- **TASK INSTRUCTIONS**: Retype the whole listing exactly. Leave out pictures.

═════ EXTRACTED INFORMATION ═════

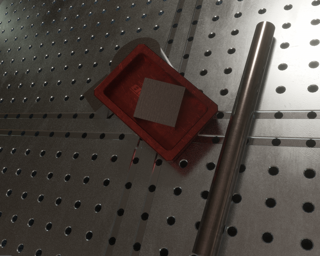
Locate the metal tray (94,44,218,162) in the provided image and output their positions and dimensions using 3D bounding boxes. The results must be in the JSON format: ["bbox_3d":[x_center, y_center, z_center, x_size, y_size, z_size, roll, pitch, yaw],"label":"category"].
[{"bbox_3d":[-0.005,-0.031,0.388,0.130,0.030,0.090,42,85,10],"label":"metal tray"}]

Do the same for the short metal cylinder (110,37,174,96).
[{"bbox_3d":[-0.025,-0.086,0.457,0.080,0.050,0.080,-13,56,20],"label":"short metal cylinder"}]

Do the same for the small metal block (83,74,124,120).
[{"bbox_3d":[-0.084,-0.048,0.480,0.050,0.025,0.050,-41,51,0],"label":"small metal block"}]

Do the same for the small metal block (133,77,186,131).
[{"bbox_3d":[0.000,-0.029,0.377,0.050,0.025,0.050,15,81,6],"label":"small metal block"}]

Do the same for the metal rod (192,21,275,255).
[{"bbox_3d":[0.093,-0.003,0.361,0.025,0.025,0.300,7,65,31],"label":"metal rod"}]
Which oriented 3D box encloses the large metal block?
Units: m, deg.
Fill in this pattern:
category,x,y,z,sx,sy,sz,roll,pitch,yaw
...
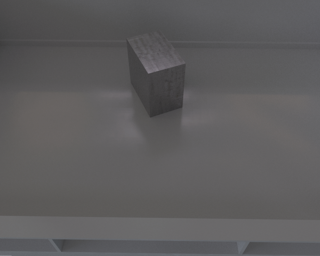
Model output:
category,x,y,z,sx,sy,sz,roll,pitch,yaw
large metal block,-0.007,-0.076,0.433,0.050,0.080,0.080,-18,53,-15
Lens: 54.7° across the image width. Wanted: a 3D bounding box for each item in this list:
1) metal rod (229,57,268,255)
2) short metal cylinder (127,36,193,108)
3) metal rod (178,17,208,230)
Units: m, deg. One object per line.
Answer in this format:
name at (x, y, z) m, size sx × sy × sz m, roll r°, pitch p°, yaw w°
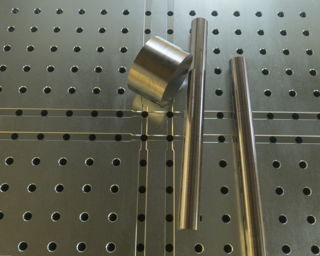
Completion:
metal rod at (0.112, 0.044, 0.396) m, size 0.025 × 0.025 × 0.299 m, roll 0°, pitch 70°, yaw 0°
short metal cylinder at (0.001, -0.073, 0.409) m, size 0.050 × 0.080 × 0.080 m, roll 31°, pitch 73°, yaw 10°
metal rod at (0.047, -0.019, 0.418) m, size 0.025 × 0.025 × 0.299 m, roll 5°, pitch 70°, yaw 2°
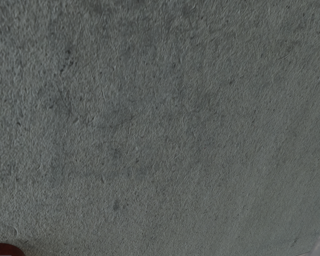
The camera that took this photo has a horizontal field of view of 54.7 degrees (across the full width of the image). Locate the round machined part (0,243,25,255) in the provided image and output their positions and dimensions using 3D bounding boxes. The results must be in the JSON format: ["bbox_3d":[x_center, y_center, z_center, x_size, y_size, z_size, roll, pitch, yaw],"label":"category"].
[{"bbox_3d":[-0.223,0.199,0.398,0.099,0.042,0.097,-14,125,-21],"label":"round machined part"}]
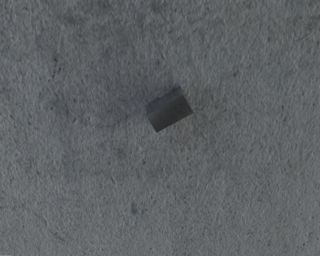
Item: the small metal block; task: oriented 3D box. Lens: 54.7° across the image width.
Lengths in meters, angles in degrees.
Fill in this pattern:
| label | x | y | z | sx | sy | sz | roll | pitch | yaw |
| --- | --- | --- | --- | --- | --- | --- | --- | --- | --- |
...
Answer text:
| label | x | y | z | sx | sy | sz | roll | pitch | yaw |
| --- | --- | --- | --- | --- | --- | --- | --- | --- | --- |
| small metal block | 0.011 | -0.025 | 0.388 | 0.050 | 0.050 | 0.025 | -29 | 108 | 10 |
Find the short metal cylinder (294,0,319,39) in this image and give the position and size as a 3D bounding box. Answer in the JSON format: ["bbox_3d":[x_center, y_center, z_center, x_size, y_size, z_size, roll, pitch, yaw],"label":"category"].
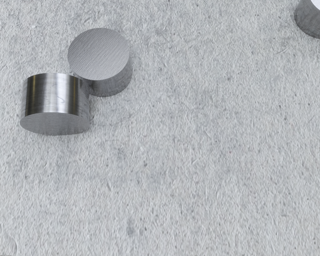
[{"bbox_3d":[0.251,-0.181,0.462,0.081,0.050,0.080,0,70,0],"label":"short metal cylinder"}]

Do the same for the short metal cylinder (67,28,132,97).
[{"bbox_3d":[-0.080,-0.089,0.427,0.081,0.050,0.080,0,70,0],"label":"short metal cylinder"}]

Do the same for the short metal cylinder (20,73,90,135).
[{"bbox_3d":[-0.130,-0.027,0.388,0.081,0.080,0.050,-4,70,-2],"label":"short metal cylinder"}]
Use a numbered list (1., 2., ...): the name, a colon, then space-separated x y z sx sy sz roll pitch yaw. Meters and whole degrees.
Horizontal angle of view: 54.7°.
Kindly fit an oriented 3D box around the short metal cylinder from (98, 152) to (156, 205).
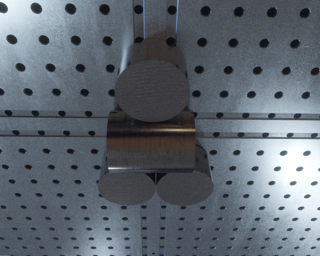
1. short metal cylinder: -0.046 0.068 0.452 0.081 0.050 0.079 0 130 0

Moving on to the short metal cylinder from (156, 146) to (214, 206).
1. short metal cylinder: 0.035 0.069 0.453 0.081 0.050 0.079 0 130 0

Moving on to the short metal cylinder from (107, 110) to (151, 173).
1. short metal cylinder: -0.036 0.017 0.390 0.050 0.080 0.079 0 130 -1

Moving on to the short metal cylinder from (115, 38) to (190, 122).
1. short metal cylinder: -0.008 -0.053 0.350 0.081 0.050 0.079 0 130 0

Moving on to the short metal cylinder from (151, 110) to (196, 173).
1. short metal cylinder: 0.015 0.017 0.391 0.050 0.080 0.079 0 130 -1
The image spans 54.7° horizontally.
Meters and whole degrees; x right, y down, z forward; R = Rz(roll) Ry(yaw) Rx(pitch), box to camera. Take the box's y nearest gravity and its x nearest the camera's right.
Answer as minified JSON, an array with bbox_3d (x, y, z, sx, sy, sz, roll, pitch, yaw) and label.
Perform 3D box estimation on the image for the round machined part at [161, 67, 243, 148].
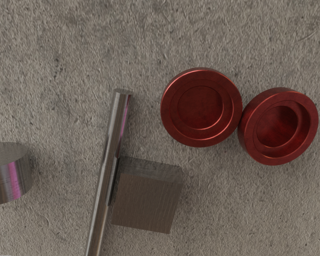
[{"bbox_3d":[0.050,-0.028,0.390,0.099,0.042,0.097,0,110,0],"label":"round machined part"}]

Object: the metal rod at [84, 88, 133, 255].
[{"bbox_3d":[-0.079,0.090,0.442,0.025,0.025,0.298,12,110,-5],"label":"metal rod"}]

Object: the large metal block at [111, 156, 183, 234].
[{"bbox_3d":[-0.018,0.092,0.430,0.081,0.050,0.079,11,110,-5],"label":"large metal block"}]

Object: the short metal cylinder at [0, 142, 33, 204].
[{"bbox_3d":[-0.211,0.057,0.399,0.081,0.080,0.050,0,110,0],"label":"short metal cylinder"}]

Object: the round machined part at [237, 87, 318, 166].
[{"bbox_3d":[0.144,-0.005,0.394,0.099,0.042,0.097,-4,112,-11],"label":"round machined part"}]
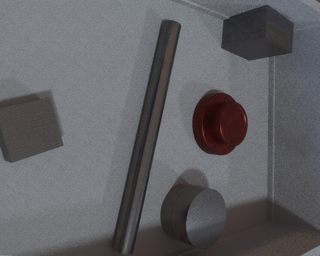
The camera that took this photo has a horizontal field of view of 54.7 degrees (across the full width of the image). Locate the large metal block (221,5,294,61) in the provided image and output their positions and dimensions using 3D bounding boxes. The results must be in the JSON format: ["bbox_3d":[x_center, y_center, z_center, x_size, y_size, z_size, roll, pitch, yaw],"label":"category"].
[{"bbox_3d":[0.160,-0.151,0.507,0.081,0.080,0.050,9,85,-40],"label":"large metal block"}]

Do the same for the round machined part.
[{"bbox_3d":[0.100,-0.006,0.482,0.099,0.042,0.097,0,90,-40],"label":"round machined part"}]

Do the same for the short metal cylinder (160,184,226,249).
[{"bbox_3d":[0.047,0.121,0.433,0.081,0.050,0.079,0,90,-40],"label":"short metal cylinder"}]

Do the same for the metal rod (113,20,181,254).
[{"bbox_3d":[-0.014,0.004,0.396,0.025,0.025,0.299,20,77,-39],"label":"metal rod"}]

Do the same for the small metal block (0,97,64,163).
[{"bbox_3d":[-0.128,0.001,0.300,0.050,0.025,0.050,-21,103,-38],"label":"small metal block"}]

═════

- **TASK ANSWER**:
Locate the metal tray (94,44,218,162) in the provided image and output their positions and dimensions using 3D bounding boxes. The results must be in the JSON format: ["bbox_3d":[x_center, y_center, z_center, x_size, y_size, z_size, roll, pitch, yaw],"label":"category"].
[{"bbox_3d":[-0.005,-0.031,0.388,0.130,0.030,0.090,42,85,10],"label":"metal tray"}]

Do the same for the short metal cylinder (110,37,174,96).
[{"bbox_3d":[-0.025,-0.086,0.457,0.080,0.050,0.080,-13,56,20],"label":"short metal cylinder"}]

Do the same for the small metal block (83,74,124,120).
[{"bbox_3d":[-0.084,-0.048,0.480,0.050,0.025,0.050,-41,51,0],"label":"small metal block"}]

Do the same for the small metal block (133,77,186,131).
[{"bbox_3d":[0.000,-0.029,0.377,0.050,0.025,0.050,15,81,6],"label":"small metal block"}]

Do the same for the metal rod (192,21,275,255).
[{"bbox_3d":[0.093,-0.003,0.361,0.025,0.025,0.300,7,65,31],"label":"metal rod"}]
Which oriented 3D box encloses the large metal block?
Units: m, deg.
Fill in this pattern:
category,x,y,z,sx,sy,sz,roll,pitch,yaw
...
Model output:
category,x,y,z,sx,sy,sz,roll,pitch,yaw
large metal block,-0.007,-0.076,0.433,0.050,0.080,0.080,-18,53,-15
Lens: 54.7° across the image width. Wanted: a 3D bounding box for each item in this list:
1) metal rod (229,57,268,255)
2) short metal cylinder (127,36,193,108)
3) metal rod (178,17,208,230)
Units: m, deg. One object per line.
Answer in this format:
name at (x, y, z) m, size sx × sy × sz m, roll r°, pitch p°, yaw w°
Completion:
metal rod at (0.112, 0.044, 0.396) m, size 0.025 × 0.025 × 0.299 m, roll 0°, pitch 70°, yaw 0°
short metal cylinder at (0.001, -0.073, 0.409) m, size 0.050 × 0.080 × 0.080 m, roll 31°, pitch 73°, yaw 10°
metal rod at (0.047, -0.019, 0.418) m, size 0.025 × 0.025 × 0.299 m, roll 5°, pitch 70°, yaw 2°
The camera that took this photo has a horizontal field of view of 54.7 degrees (across the full width of the image). Locate the round machined part (0,243,25,255) in the provided image and output their positions and dimensions using 3D bounding boxes. The results must be in the JSON format: ["bbox_3d":[x_center, y_center, z_center, x_size, y_size, z_size, roll, pitch, yaw],"label":"category"].
[{"bbox_3d":[-0.223,0.199,0.398,0.099,0.042,0.097,-14,125,-21],"label":"round machined part"}]
Item: the small metal block; task: oriented 3D box. Lens: 54.7° across the image width.
Lengths in meters, angles in degrees.
Fill in this pattern:
| label | x | y | z | sx | sy | sz | roll | pitch | yaw |
| --- | --- | --- | --- | --- | --- | --- | --- | --- | --- |
...
Answer text:
| label | x | y | z | sx | sy | sz | roll | pitch | yaw |
| --- | --- | --- | --- | --- | --- | --- | --- | --- | --- |
| small metal block | 0.011 | -0.025 | 0.388 | 0.050 | 0.050 | 0.025 | -29 | 108 | 10 |
Find the short metal cylinder (294,0,319,39) in this image and give the position and size as a 3D bounding box. Answer in the JSON format: ["bbox_3d":[x_center, y_center, z_center, x_size, y_size, z_size, roll, pitch, yaw],"label":"category"].
[{"bbox_3d":[0.251,-0.181,0.462,0.081,0.050,0.080,0,70,0],"label":"short metal cylinder"}]

Do the same for the short metal cylinder (67,28,132,97).
[{"bbox_3d":[-0.080,-0.089,0.427,0.081,0.050,0.080,0,70,0],"label":"short metal cylinder"}]

Do the same for the short metal cylinder (20,73,90,135).
[{"bbox_3d":[-0.130,-0.027,0.388,0.081,0.080,0.050,-4,70,-2],"label":"short metal cylinder"}]
Use a numbered list (1., 2., ...): the name, a colon, then space-separated x y z sx sy sz roll pitch yaw. Meters and whole degrees.
Horizontal angle of view: 54.7°.
Kindly fit an oriented 3D box around the short metal cylinder from (98, 152) to (156, 205).
1. short metal cylinder: -0.046 0.068 0.452 0.081 0.050 0.079 0 130 0

Moving on to the short metal cylinder from (156, 146) to (214, 206).
1. short metal cylinder: 0.035 0.069 0.453 0.081 0.050 0.079 0 130 0

Moving on to the short metal cylinder from (107, 110) to (151, 173).
1. short metal cylinder: -0.036 0.017 0.390 0.050 0.080 0.079 0 130 -1

Moving on to the short metal cylinder from (115, 38) to (190, 122).
1. short metal cylinder: -0.008 -0.053 0.350 0.081 0.050 0.079 0 130 0

Moving on to the short metal cylinder from (151, 110) to (196, 173).
1. short metal cylinder: 0.015 0.017 0.391 0.050 0.080 0.079 0 130 -1
The image spans 54.7° horizontally.
Meters and whole degrees; x right, y down, z forward; R = Rz(roll) Ry(yaw) Rx(pitch), box to camera. Take the box's y nearest gravity and its x nearest the camera's right.
Answer as minified JSON, an array with bbox_3d (x, y, z, sx, sy, sz, roll, pitch, yaw) and label.
Perform 3D box estimation on the image for the round machined part at [161, 67, 243, 148].
[{"bbox_3d":[0.050,-0.028,0.390,0.099,0.042,0.097,0,110,0],"label":"round machined part"}]

Object: the metal rod at [84, 88, 133, 255].
[{"bbox_3d":[-0.079,0.090,0.442,0.025,0.025,0.298,12,110,-5],"label":"metal rod"}]

Object: the large metal block at [111, 156, 183, 234].
[{"bbox_3d":[-0.018,0.092,0.430,0.081,0.050,0.079,11,110,-5],"label":"large metal block"}]

Object: the short metal cylinder at [0, 142, 33, 204].
[{"bbox_3d":[-0.211,0.057,0.399,0.081,0.080,0.050,0,110,0],"label":"short metal cylinder"}]

Object: the round machined part at [237, 87, 318, 166].
[{"bbox_3d":[0.144,-0.005,0.394,0.099,0.042,0.097,-4,112,-11],"label":"round machined part"}]
The camera that took this photo has a horizontal field of view of 54.7 degrees (across the full width of the image). Locate the large metal block (221,5,294,61) in the provided image and output their positions and dimensions using 3D bounding boxes. The results must be in the JSON format: ["bbox_3d":[x_center, y_center, z_center, x_size, y_size, z_size, roll, pitch, yaw],"label":"category"].
[{"bbox_3d":[0.160,-0.151,0.507,0.081,0.080,0.050,9,85,-40],"label":"large metal block"}]

Do the same for the round machined part.
[{"bbox_3d":[0.100,-0.006,0.482,0.099,0.042,0.097,0,90,-40],"label":"round machined part"}]

Do the same for the short metal cylinder (160,184,226,249).
[{"bbox_3d":[0.047,0.121,0.433,0.081,0.050,0.079,0,90,-40],"label":"short metal cylinder"}]

Do the same for the metal rod (113,20,181,254).
[{"bbox_3d":[-0.014,0.004,0.396,0.025,0.025,0.299,20,77,-39],"label":"metal rod"}]

Do the same for the small metal block (0,97,64,163).
[{"bbox_3d":[-0.128,0.001,0.300,0.050,0.025,0.050,-21,103,-38],"label":"small metal block"}]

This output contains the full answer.